_ACTIVITY_:
Copy out only the span from the line with "class,x,y,z,sx,sy,sz,roll,pitch,yaw" to the end of the data, both ends kept, word for word.
──────── DATA
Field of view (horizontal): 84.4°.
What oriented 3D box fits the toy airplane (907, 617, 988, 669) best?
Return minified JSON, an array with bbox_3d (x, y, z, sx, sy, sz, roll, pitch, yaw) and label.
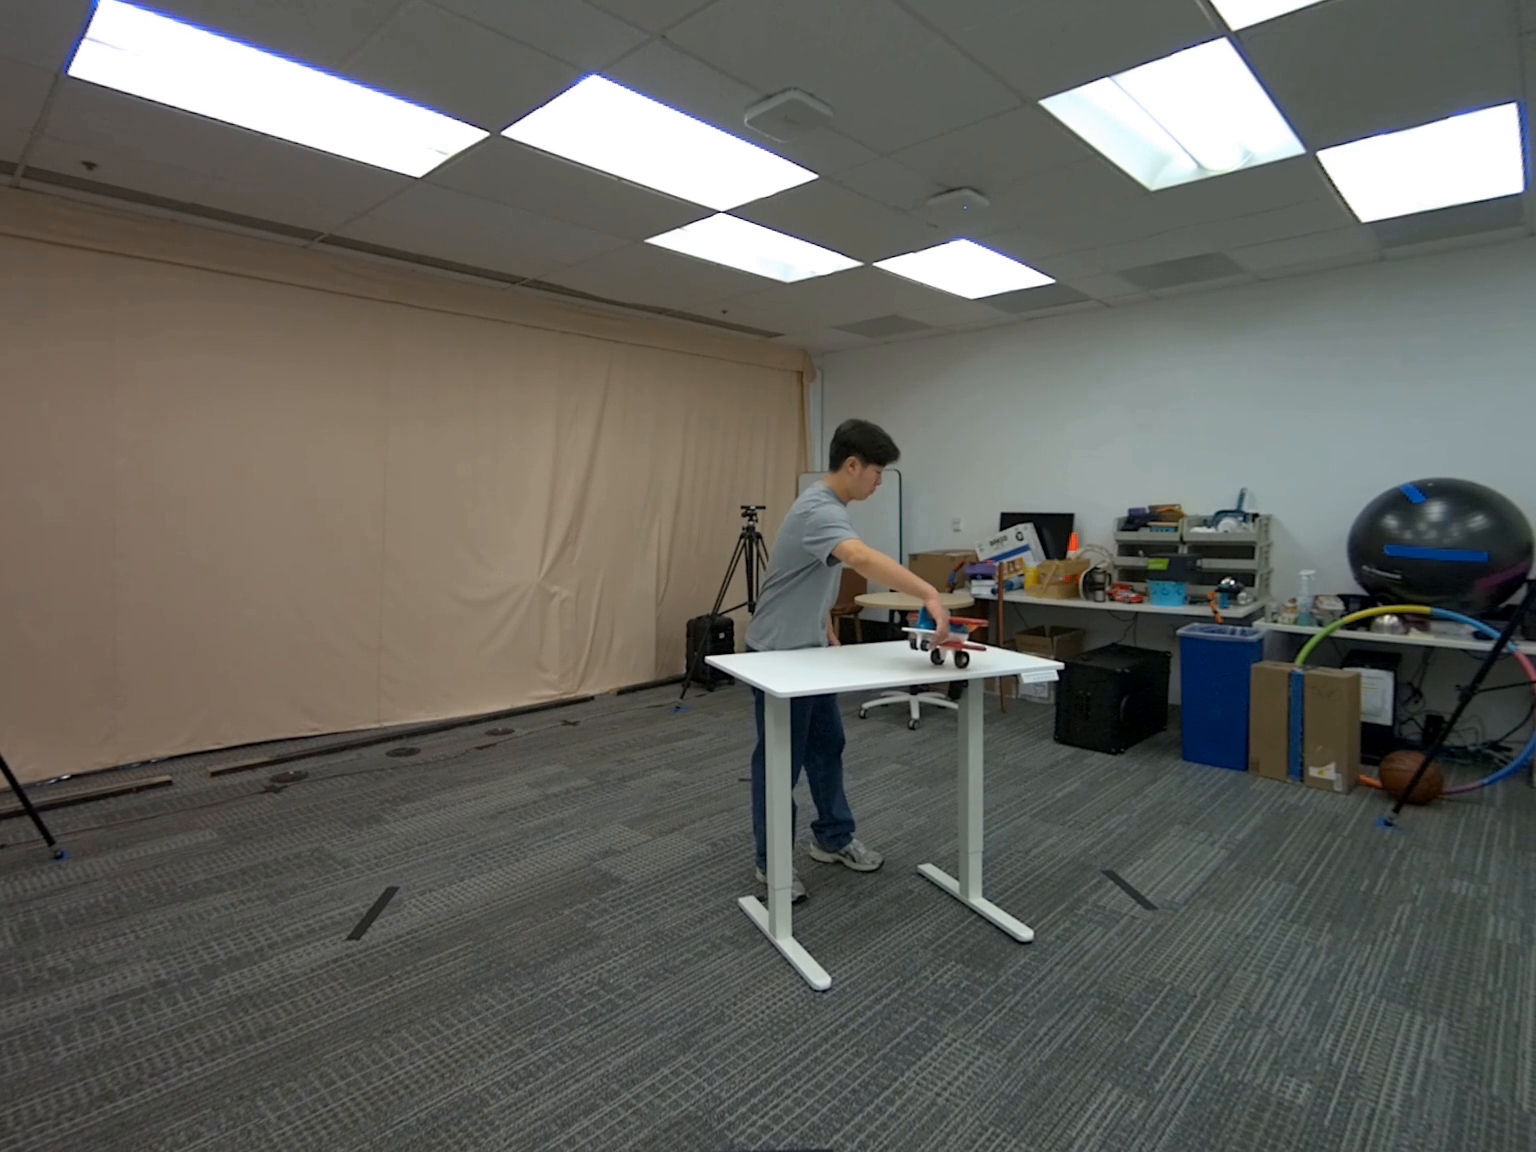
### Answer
[{"bbox_3d":[0.550,0.186,2.601,0.257,0.157,0.252,11,-14,19],"label":"toy airplane"}]
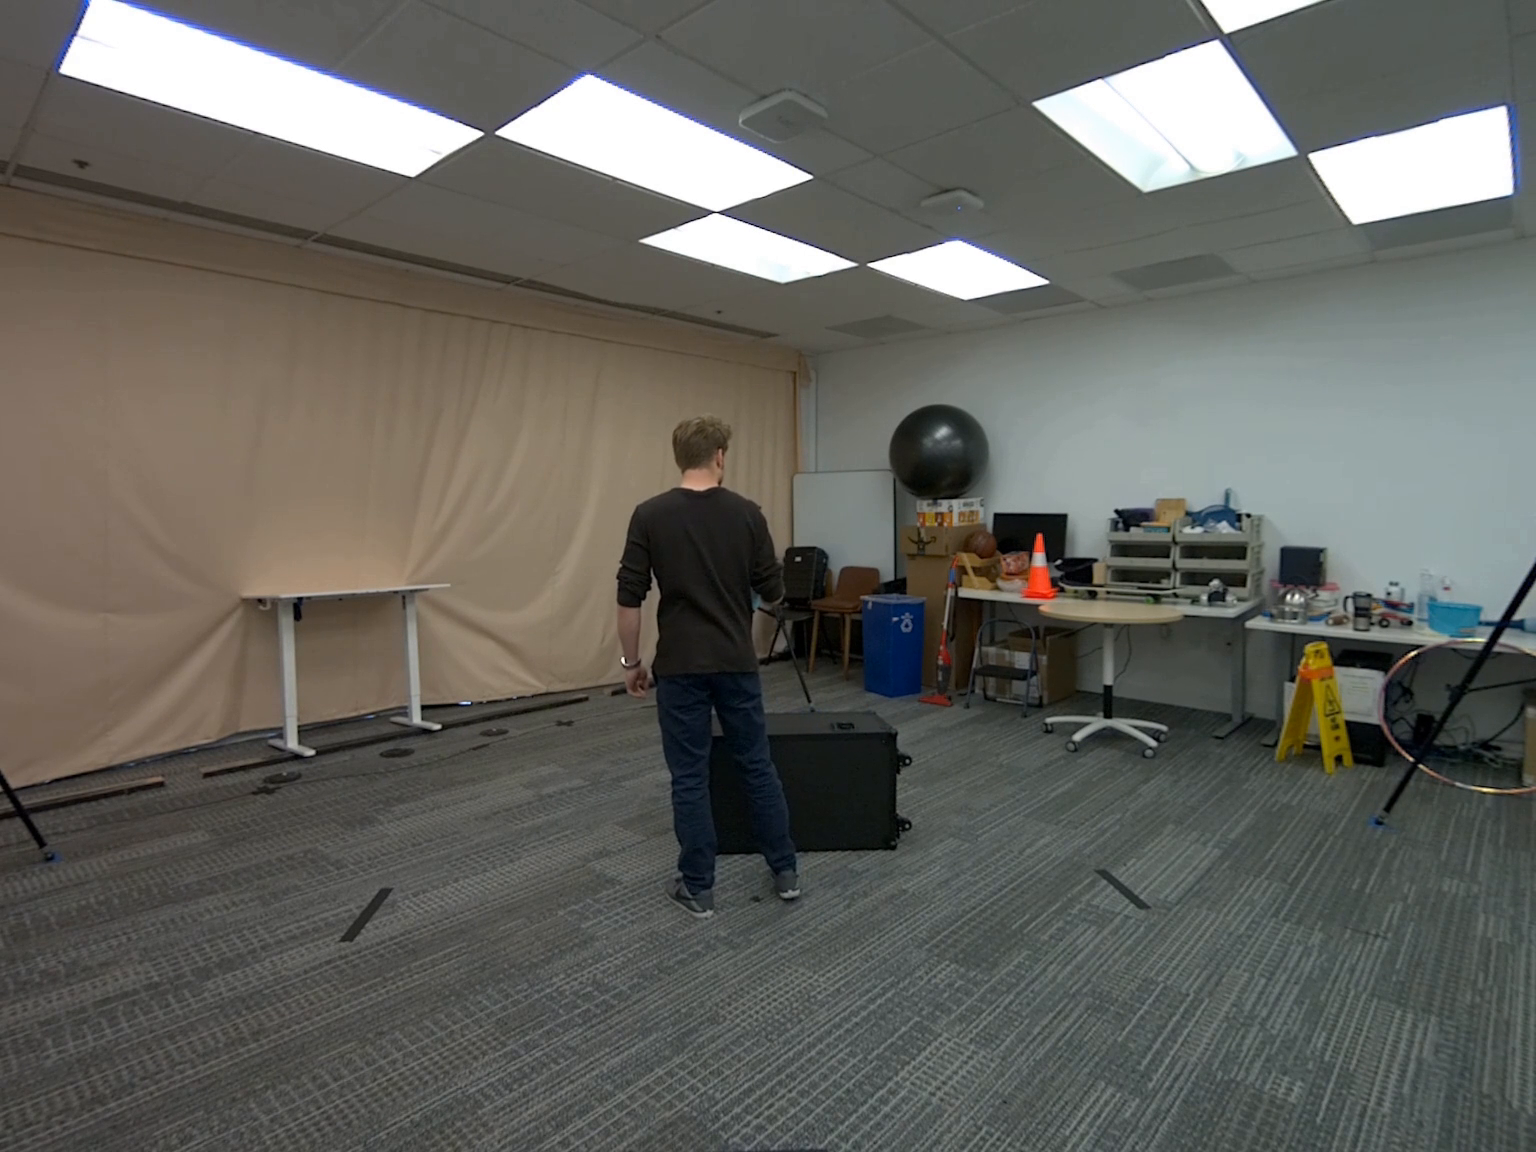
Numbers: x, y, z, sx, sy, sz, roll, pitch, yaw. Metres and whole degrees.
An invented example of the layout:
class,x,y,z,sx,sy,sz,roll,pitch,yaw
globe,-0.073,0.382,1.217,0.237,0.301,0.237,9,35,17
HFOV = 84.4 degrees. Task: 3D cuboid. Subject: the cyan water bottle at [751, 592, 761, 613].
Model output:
────────────────
_REPLY TO THE EXERCISE_:
class,x,y,z,sx,sy,sz,roll,pitch,yaw
globe,-0.073,0.382,1.217,0.237,0.301,0.237,9,35,17
HFOV = 84.4 degrees. Task: 3D cuboid. Subject: the cyan water bottle at [751, 592, 761, 613].
Model output:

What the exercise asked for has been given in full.